Headhunter
- First edition cover
- Author: Timothy Findley
- Publisher: HarperCollins
- Publication date: April 1, 1994
- ISBN: 978-0-002-23745-1
- OCLC: 27067153

= Headhunter (novel) =

1993 novel by Timothy Findley

Headhunter is a novel by Canadian writer Timothy Findley. It was first published by HarperCollins in 1993.

==Plot summary==
The novel is set in a dystopic Toronto, Ontario buffeted by a mysterious plague called sturnusemia, which is believed to be carried by starlings. Against this backdrop Lilah Kemp, a schizophrenic spiritualist "of intense but undisciplined powers", accidentally sets Kurtz free from page 92 of Joseph Conrad's Heart of Darkness and is forced to find a Marlow to defeat him.

Kurtz becomes head of the Parkin Psychiatric Institute (based on the real Clarke Institute of Psychiatry) and travels among the city's elites, including a "Club of Men" which is in fact a child pornography ring. Marlow, meanwhile, is a staff psychiatrist at the Parkin.

Although the reader is clearly meant to see the parallels between Findley's Kurtz and Marlow and Conrad's original characters, the book is deliberately ambiguous about whether Lilah Kemp has really performed this act of literary magic, or is merely crazy enough to think she has.

==Reception==
Headhunter received starred reviews from Booklist and Publishers Weekly.

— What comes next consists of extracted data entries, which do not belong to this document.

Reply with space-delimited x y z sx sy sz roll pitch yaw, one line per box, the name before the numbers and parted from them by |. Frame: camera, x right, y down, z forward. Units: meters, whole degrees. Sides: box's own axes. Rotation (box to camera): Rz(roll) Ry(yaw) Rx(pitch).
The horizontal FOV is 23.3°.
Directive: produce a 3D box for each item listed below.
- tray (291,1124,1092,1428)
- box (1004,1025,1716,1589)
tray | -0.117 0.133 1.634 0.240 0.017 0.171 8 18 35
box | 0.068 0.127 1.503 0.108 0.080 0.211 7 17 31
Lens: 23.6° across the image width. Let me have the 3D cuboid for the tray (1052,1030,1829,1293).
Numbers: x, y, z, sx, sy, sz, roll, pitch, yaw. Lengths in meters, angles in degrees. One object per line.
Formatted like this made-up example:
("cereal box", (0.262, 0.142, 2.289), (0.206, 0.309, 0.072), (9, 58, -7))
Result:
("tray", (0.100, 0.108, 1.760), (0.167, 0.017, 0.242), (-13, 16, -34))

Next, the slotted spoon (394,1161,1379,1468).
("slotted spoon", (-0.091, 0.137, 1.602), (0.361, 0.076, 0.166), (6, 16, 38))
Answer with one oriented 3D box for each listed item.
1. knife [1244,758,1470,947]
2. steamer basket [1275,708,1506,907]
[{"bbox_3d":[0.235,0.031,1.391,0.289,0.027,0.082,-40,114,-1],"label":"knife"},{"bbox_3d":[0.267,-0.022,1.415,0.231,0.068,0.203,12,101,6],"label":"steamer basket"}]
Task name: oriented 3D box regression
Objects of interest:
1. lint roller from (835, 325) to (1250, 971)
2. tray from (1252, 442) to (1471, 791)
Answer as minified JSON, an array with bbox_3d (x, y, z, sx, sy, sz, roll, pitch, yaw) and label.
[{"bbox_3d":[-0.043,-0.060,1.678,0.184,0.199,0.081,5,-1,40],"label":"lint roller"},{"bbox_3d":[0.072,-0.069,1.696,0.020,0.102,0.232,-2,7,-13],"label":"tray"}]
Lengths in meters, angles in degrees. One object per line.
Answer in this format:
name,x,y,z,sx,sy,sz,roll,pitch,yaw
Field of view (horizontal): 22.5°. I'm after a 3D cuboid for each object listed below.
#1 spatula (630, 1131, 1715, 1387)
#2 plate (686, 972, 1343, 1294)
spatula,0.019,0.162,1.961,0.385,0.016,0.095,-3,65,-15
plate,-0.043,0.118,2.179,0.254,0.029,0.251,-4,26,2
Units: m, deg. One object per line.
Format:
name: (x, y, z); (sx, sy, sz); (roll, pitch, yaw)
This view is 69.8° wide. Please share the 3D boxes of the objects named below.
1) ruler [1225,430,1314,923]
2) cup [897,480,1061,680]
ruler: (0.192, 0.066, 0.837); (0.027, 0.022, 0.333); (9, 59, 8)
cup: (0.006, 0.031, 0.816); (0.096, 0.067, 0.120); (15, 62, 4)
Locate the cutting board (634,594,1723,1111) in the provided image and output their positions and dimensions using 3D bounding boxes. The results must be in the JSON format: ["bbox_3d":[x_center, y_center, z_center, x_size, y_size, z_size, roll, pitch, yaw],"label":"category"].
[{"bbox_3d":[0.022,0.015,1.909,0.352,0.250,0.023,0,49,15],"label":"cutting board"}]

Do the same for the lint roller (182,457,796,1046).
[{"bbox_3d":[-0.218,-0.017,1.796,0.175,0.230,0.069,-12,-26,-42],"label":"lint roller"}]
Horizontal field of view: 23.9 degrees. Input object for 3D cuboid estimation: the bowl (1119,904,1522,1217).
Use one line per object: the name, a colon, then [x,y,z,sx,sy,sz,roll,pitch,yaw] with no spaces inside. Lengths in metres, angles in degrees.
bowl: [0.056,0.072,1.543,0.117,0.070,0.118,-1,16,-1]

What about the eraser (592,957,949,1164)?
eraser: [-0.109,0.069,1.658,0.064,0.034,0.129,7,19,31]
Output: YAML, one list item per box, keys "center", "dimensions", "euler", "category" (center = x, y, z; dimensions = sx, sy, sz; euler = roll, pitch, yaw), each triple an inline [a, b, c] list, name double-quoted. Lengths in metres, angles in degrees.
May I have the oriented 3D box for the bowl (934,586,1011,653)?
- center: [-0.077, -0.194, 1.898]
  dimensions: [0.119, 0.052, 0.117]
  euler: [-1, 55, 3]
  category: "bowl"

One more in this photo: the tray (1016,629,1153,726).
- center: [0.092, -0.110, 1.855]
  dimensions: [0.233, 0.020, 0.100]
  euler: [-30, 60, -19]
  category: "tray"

Booklist's Emily Melton referred to the novel as "a powerful, brilliantly conceived, spellbinding story that will mesmerize readers from first page to last", while Publishers Weekly called it "overlong and overwrought, yet compelling and powerful". Melton further stated that the novel is "at once dazzling, mind-blowing, and unrelentingly grim", as well as "a wonderfully dark satire, a horrifying tale of decadence and evil, and a savagely witty commentary on human society." Ellen Datlow similarly praised Headhunter as "suspenseful, dark, twisted, and complex." Publishers Weekly also highlighted how Findley [...] creates witty literary allusions", pointing specifically to a character who "is a contemporary Emma Bovary" and "another [...] named Jay Gatz".

Despite an overall positive review, Publishers Weekly noted some mixed thoughts: "Some passages are brilliant, glittering with insights, while others bear the marks of haste and melodramatic excess. There are a stupefying number of characters and subplots." Kirkus Reviews similarly mentioned the novel's "obstacle course of intolerably digressive subplots" and referred to it as a "recklessly overscaled novel".

Headhunter won the Toronto Book Award in 1994.